===== GIVEN RECORDS =====

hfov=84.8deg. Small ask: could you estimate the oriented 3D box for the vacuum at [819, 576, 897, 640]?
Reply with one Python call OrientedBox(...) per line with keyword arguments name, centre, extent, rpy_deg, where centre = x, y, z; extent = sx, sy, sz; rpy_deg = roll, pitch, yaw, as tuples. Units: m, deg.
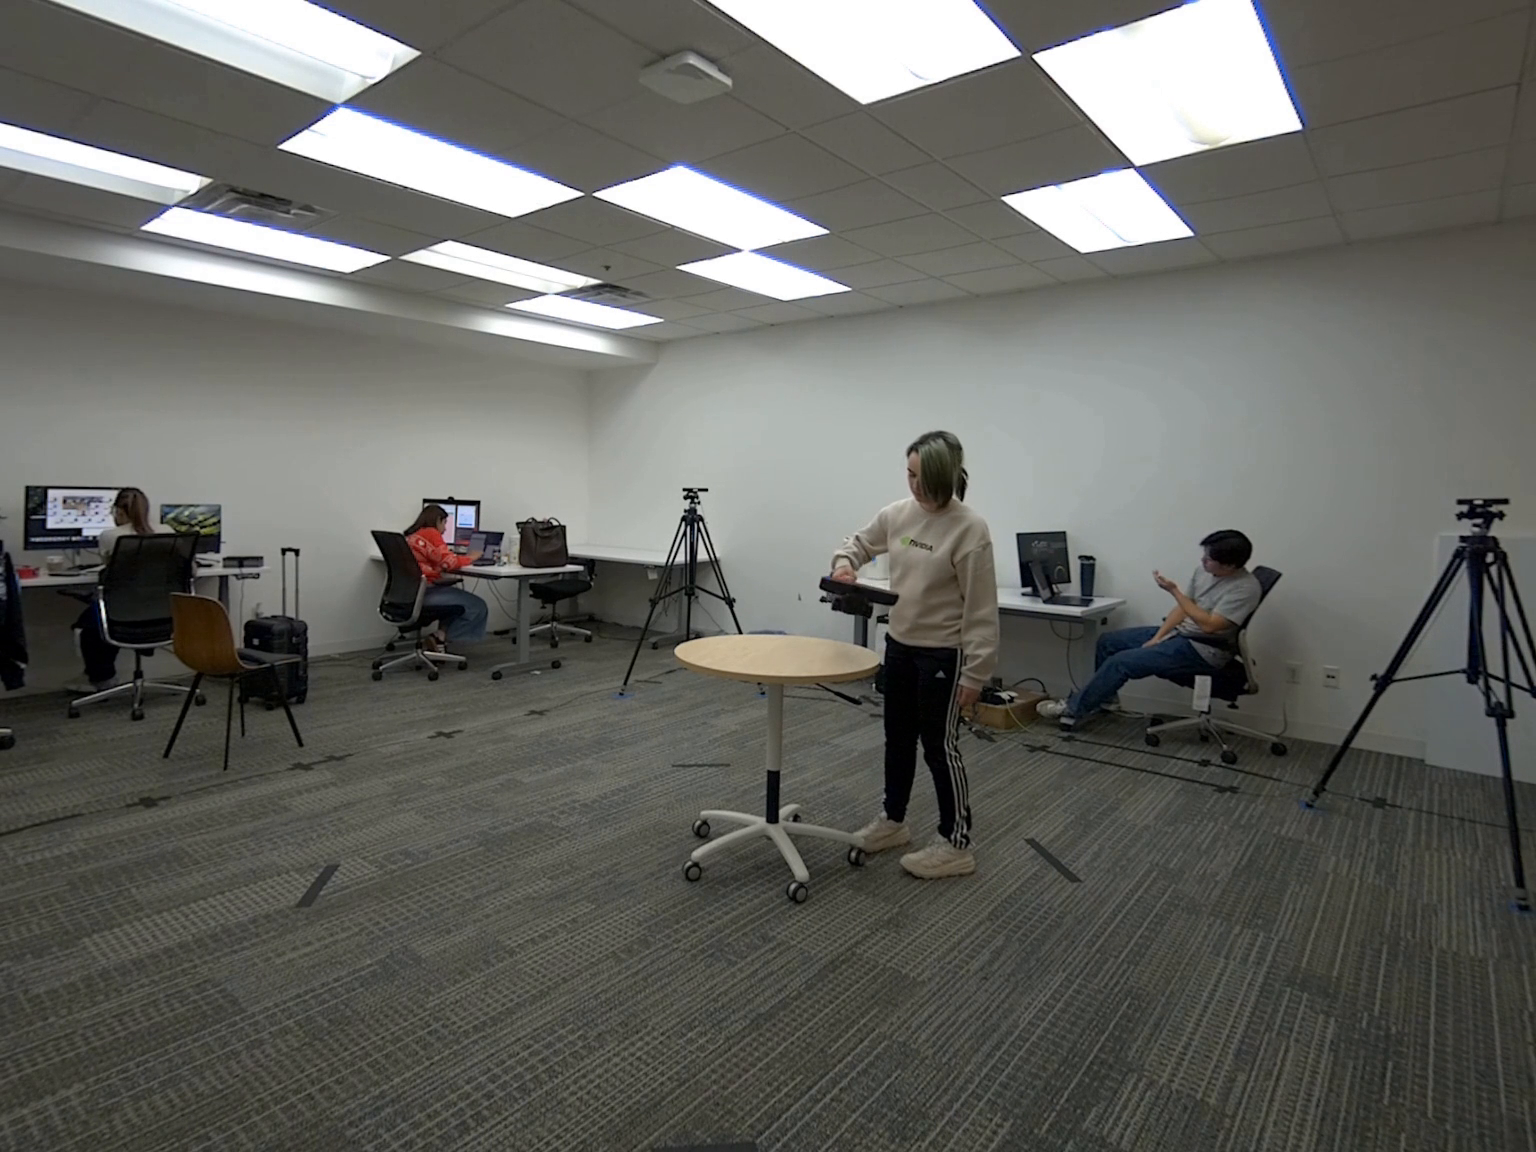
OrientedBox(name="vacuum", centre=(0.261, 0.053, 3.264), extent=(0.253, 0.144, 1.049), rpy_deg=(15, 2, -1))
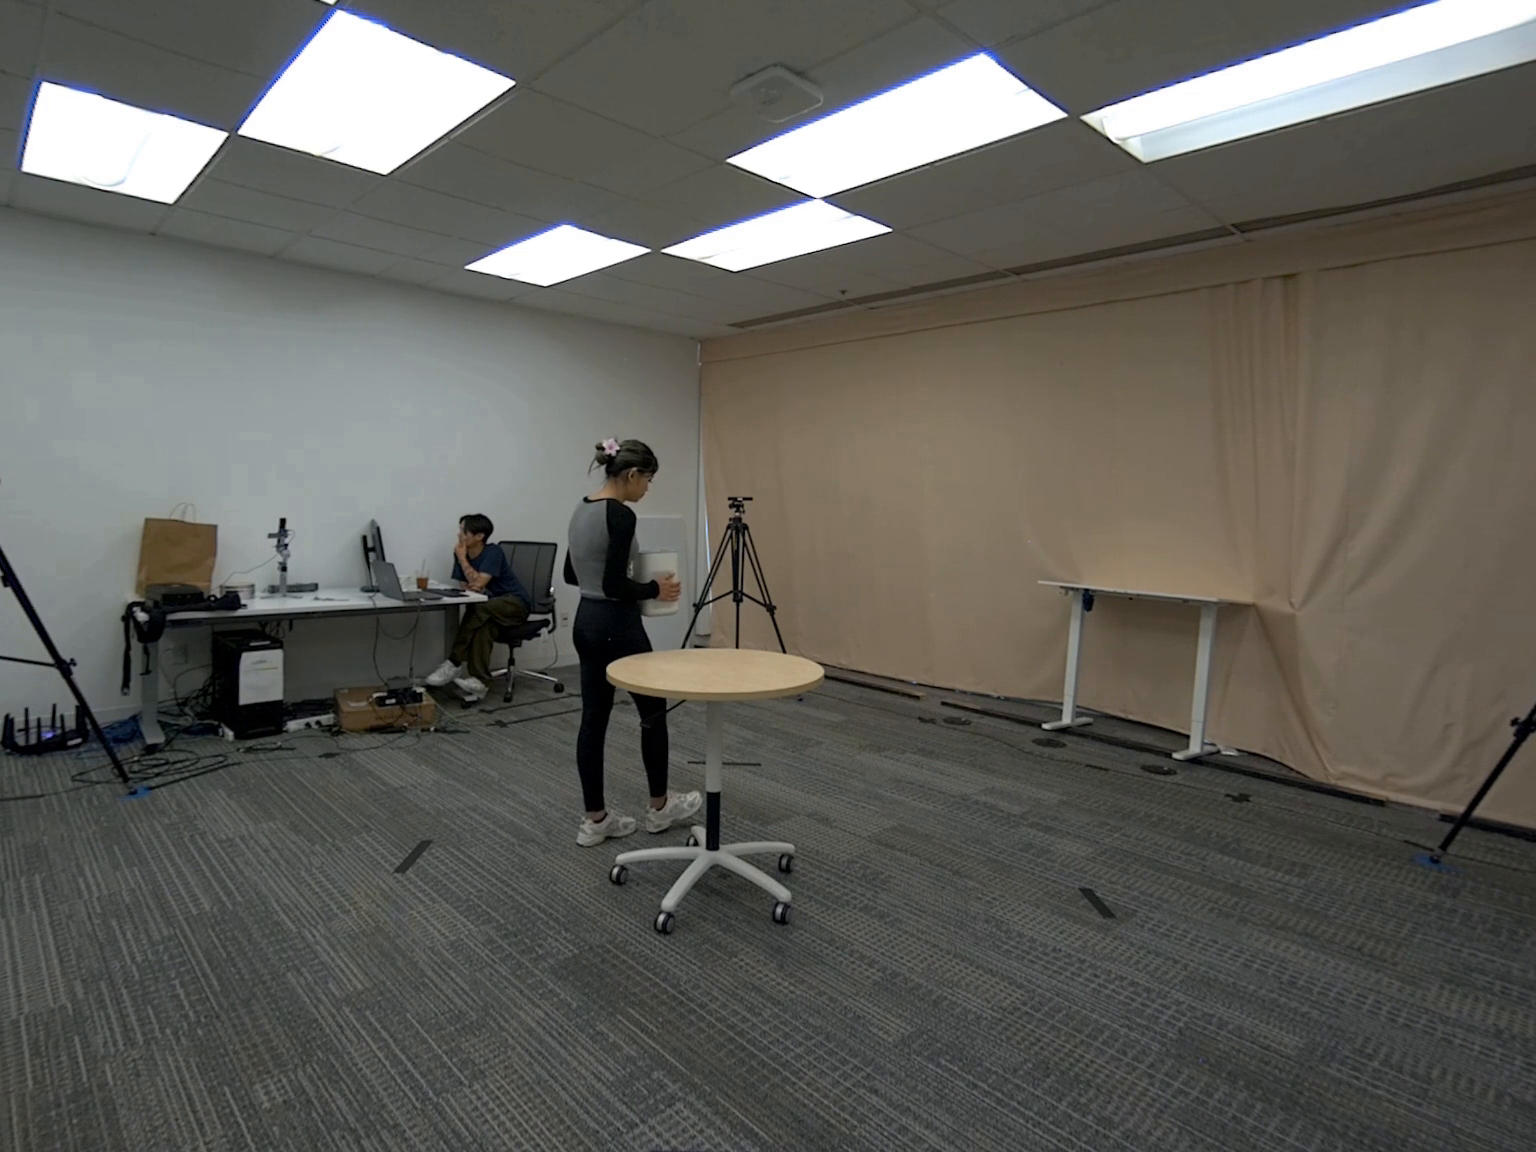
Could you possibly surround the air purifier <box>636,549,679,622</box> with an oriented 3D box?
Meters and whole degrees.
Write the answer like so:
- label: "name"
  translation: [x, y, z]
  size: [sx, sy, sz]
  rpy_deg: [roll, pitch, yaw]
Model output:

=====

== AIM OF THE TASK ==
Emit the lines of the data above from the one containing "Reply with one" through its final line, both endpoints included. Pictures do not belong in the output.

== YOUR SOLUTION ==
Reply with one Python call OrientedBox(...) per line with keyword arguments name, centre, extent, rpy_deg, where centre = x, y, z; extent = sx, sy, sz; rpy_deg = roll, pitch, yaw, as tuples. Units: m, deg.
OrientedBox(name="vacuum", centre=(0.261, 0.053, 3.264), extent=(0.253, 0.144, 1.049), rpy_deg=(15, 2, -1))
Could you possibly surround the air purifier <box>636,549,679,622</box> with an oriented 3D box?
Meters and whole degrees.
Write the answer like so:
- label: "name"
  translation: [x, y, z]
  size: [sx, sy, sz]
  rpy_deg: [roll, pitch, yaw]
Model output:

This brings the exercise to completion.